Study material: Begin
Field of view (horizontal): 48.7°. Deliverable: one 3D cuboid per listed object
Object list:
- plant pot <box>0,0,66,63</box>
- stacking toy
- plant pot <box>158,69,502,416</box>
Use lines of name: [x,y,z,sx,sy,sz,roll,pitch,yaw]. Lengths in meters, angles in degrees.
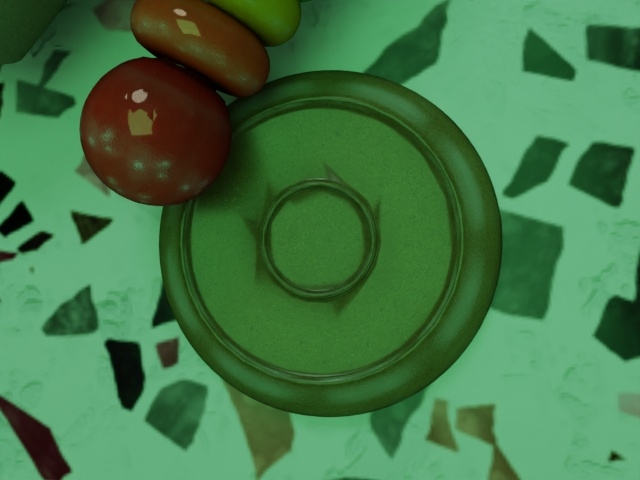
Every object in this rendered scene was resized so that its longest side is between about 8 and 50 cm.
plant pot: [-0.209,-0.259,0.425,0.256,0.256,0.274,26,108,9]
stacking toy: [-0.044,-0.174,0.429,0.141,0.141,0.331,27,93,9]
plant pot: [0.000,0.000,0.466,0.236,0.032,0.237,-1,87,10]
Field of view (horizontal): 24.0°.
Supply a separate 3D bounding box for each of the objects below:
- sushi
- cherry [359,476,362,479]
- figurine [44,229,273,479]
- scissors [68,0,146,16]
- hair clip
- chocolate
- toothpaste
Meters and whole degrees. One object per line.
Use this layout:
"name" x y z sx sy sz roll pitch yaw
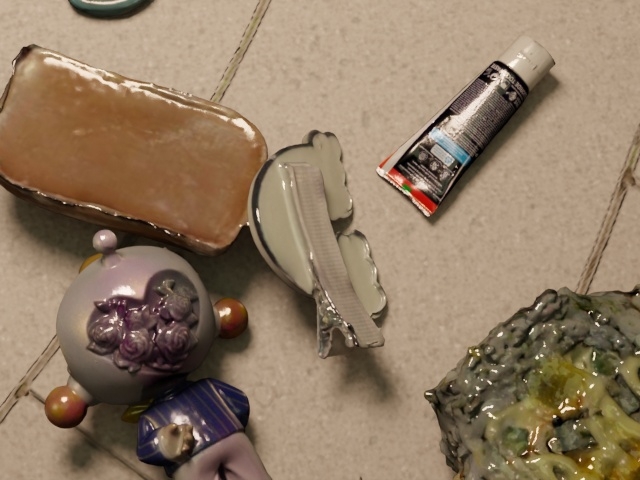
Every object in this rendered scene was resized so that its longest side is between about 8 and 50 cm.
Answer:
"sushi" 0.219 0.139 1.321 0.274 0.139 0.184 -39 83 -13
"cherry" 0.013 0.346 1.218 0.261 0.221 0.308 10 69 11
"figurine" -0.142 0.133 1.320 0.193 0.133 0.274 -5 78 -17
"scissors" -0.124 -0.317 1.476 0.289 0.041 0.138 -20 78 -2
"hair clip" 0.000 0.000 1.362 0.140 0.054 0.220 -4 71 -45
"chocolate" -0.180 -0.068 1.392 0.261 0.083 0.161 21 59 1
"toothpaste" 0.140 -0.114 1.434 0.071 0.045 0.193 40 84 17
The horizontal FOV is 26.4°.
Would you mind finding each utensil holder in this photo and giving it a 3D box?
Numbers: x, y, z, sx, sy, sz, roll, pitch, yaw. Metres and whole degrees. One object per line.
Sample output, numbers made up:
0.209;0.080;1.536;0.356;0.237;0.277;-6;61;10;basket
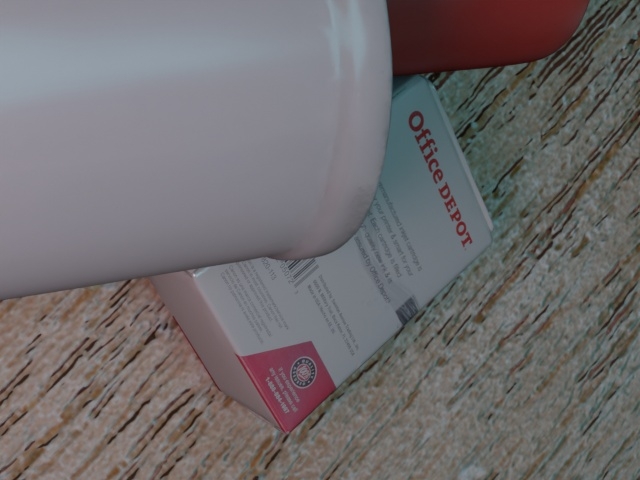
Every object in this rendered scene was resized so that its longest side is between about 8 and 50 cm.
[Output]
-0.193;-0.119;0.936;0.385;0.327;0.327;-10;101;-26;utensil holder

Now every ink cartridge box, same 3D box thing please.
0.000;0.000;1.237;0.283;0.117;0.207;-42;126;-20;ink cartridge box

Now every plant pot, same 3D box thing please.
0.053;-0.251;1.138;0.243;0.275;0.275;-18;104;-22;plant pot

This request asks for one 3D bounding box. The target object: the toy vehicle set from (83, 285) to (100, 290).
-0.213;-0.111;1.169;0.166;0.035;0.267;-41;114;-19;toy vehicle set
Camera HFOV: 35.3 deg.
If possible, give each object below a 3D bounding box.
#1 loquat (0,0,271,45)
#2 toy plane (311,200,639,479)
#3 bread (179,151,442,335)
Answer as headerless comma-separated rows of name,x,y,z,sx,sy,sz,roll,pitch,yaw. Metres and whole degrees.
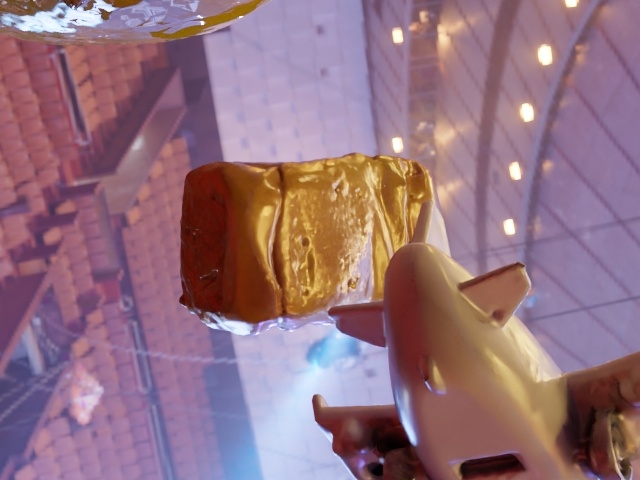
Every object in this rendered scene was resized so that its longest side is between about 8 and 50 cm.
loquat,-0.106,-0.212,0.471,0.275,0.275,0.275,169,-90,-79
toy plane,0.104,0.096,0.615,0.117,0.245,0.244,-73,166,-49
bread,0.000,0.000,1.000,0.132,0.294,0.166,-4,-88,47
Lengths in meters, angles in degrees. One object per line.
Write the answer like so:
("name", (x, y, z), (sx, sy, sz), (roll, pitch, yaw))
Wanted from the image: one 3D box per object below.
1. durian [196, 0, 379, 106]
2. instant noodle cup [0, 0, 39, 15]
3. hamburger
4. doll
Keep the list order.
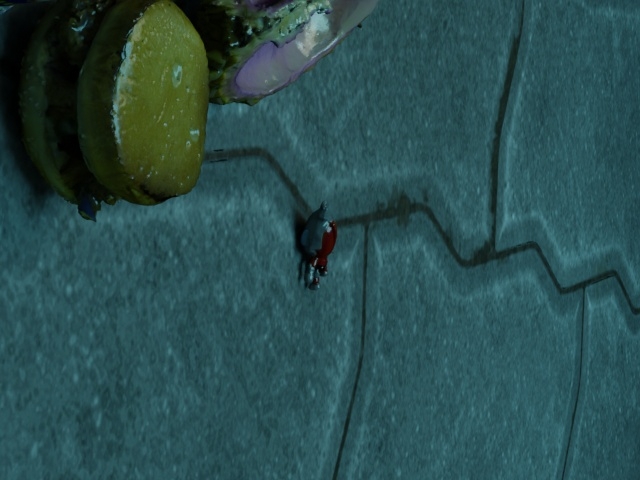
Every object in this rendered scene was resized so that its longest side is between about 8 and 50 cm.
("durian", (-0.037, -0.231, 1.874), (0.341, 0.112, 0.191), (-41, 175, -39))
("instant noodle cup", (-0.129, -0.293, 1.388), (0.284, 0.312, 0.284), (4, 90, -67))
("hamburger", (-0.171, -0.123, 1.569), (0.191, 0.118, 0.182), (72, 28, -49))
("doll", (-0.001, -0.001, 2.096), (0.057, 0.039, 0.114), (-24, 136, -29))
Study material: End
Instructions for the task.
Images should not appear in the copy; retype the listing above exactly.

The completed task.
Field of view (horizontal): 48.7°. Deliverable: one 3D cuboid per listed object
Object list:
- plant pot <box>0,0,66,63</box>
- stacking toy
- plant pot <box>158,69,502,416</box>
Use lines of name: [x,y,z,sx,sy,sz,roll,pitch,yaw]. Lengths in meters, angles in degrees.
Every object in this rendered scene was resized so that its longest side is between about 8 and 50 cm.
plant pot: [-0.209,-0.259,0.425,0.256,0.256,0.274,26,108,9]
stacking toy: [-0.044,-0.174,0.429,0.141,0.141,0.331,27,93,9]
plant pot: [0.000,0.000,0.466,0.236,0.032,0.237,-1,87,10]
Field of view (horizontal): 24.0°.
Supply a separate 3D bounding box for each of the objects below:
- sushi
- cherry [359,476,362,479]
- figurine [44,229,273,479]
- scissors [68,0,146,16]
- hair clip
- chocolate
- toothpaste
Meters and whole degrees. One object per line.
Use this layout:
"name" x y z sx sy sz roll pitch yaw
Every object in this rendered scene was resized so that its longest side is between about 8 and 50 cm.
Answer:
"sushi" 0.219 0.139 1.321 0.274 0.139 0.184 -39 83 -13
"cherry" 0.013 0.346 1.218 0.261 0.221 0.308 10 69 11
"figurine" -0.142 0.133 1.320 0.193 0.133 0.274 -5 78 -17
"scissors" -0.124 -0.317 1.476 0.289 0.041 0.138 -20 78 -2
"hair clip" 0.000 0.000 1.362 0.140 0.054 0.220 -4 71 -45
"chocolate" -0.180 -0.068 1.392 0.261 0.083 0.161 21 59 1
"toothpaste" 0.140 -0.114 1.434 0.071 0.045 0.193 40 84 17
The horizontal FOV is 26.4°.
Would you mind finding each utensil holder in this photo and giving it a 3D box?
Numbers: x, y, z, sx, sy, sz, roll, pitch, yaw. Metres and whole degrees. One object per line.
Sample output, numbers made up:
0.209;0.080;1.536;0.356;0.237;0.277;-6;61;10;basket
Every object in this rendered scene was resized so that its longest side is between about 8 and 50 cm.
[Output]
-0.193;-0.119;0.936;0.385;0.327;0.327;-10;101;-26;utensil holder

Now every ink cartridge box, same 3D box thing please.
0.000;0.000;1.237;0.283;0.117;0.207;-42;126;-20;ink cartridge box

Now every plant pot, same 3D box thing please.
0.053;-0.251;1.138;0.243;0.275;0.275;-18;104;-22;plant pot

This request asks for one 3D bounding box. The target object: the toy vehicle set from (83, 285) to (100, 290).
-0.213;-0.111;1.169;0.166;0.035;0.267;-41;114;-19;toy vehicle set
Camera HFOV: 35.3 deg.
If possible, give each object below a 3D bounding box.
#1 loquat (0,0,271,45)
#2 toy plane (311,200,639,479)
#3 bread (179,151,442,335)
Answer as headerless comma-separated rows of name,x,y,z,sx,sy,sz,roll,pitch,yaw. Metres and whole degrees.
Every object in this rendered scene was resized so that its longest side is between about 8 and 50 cm.
loquat,-0.106,-0.212,0.471,0.275,0.275,0.275,169,-90,-79
toy plane,0.104,0.096,0.615,0.117,0.245,0.244,-73,166,-49
bread,0.000,0.000,1.000,0.132,0.294,0.166,-4,-88,47
Lengths in meters, angles in degrees. One object per line.
Write the answer like so:
("name", (x, y, z), (sx, sy, sz), (roll, pitch, yaw))
Wanted from the image: one 3D box per object below.
1. durian [196, 0, 379, 106]
2. instant noodle cup [0, 0, 39, 15]
3. hamburger
4. doll
Keep the list order.
Every object in this rendered scene was resized so that its longest side is between about 8 and 50 cm.
("durian", (-0.037, -0.231, 1.874), (0.341, 0.112, 0.191), (-41, 175, -39))
("instant noodle cup", (-0.129, -0.293, 1.388), (0.284, 0.312, 0.284), (4, 90, -67))
("hamburger", (-0.171, -0.123, 1.569), (0.191, 0.118, 0.182), (72, 28, -49))
("doll", (-0.001, -0.001, 2.096), (0.057, 0.039, 0.114), (-24, 136, -29))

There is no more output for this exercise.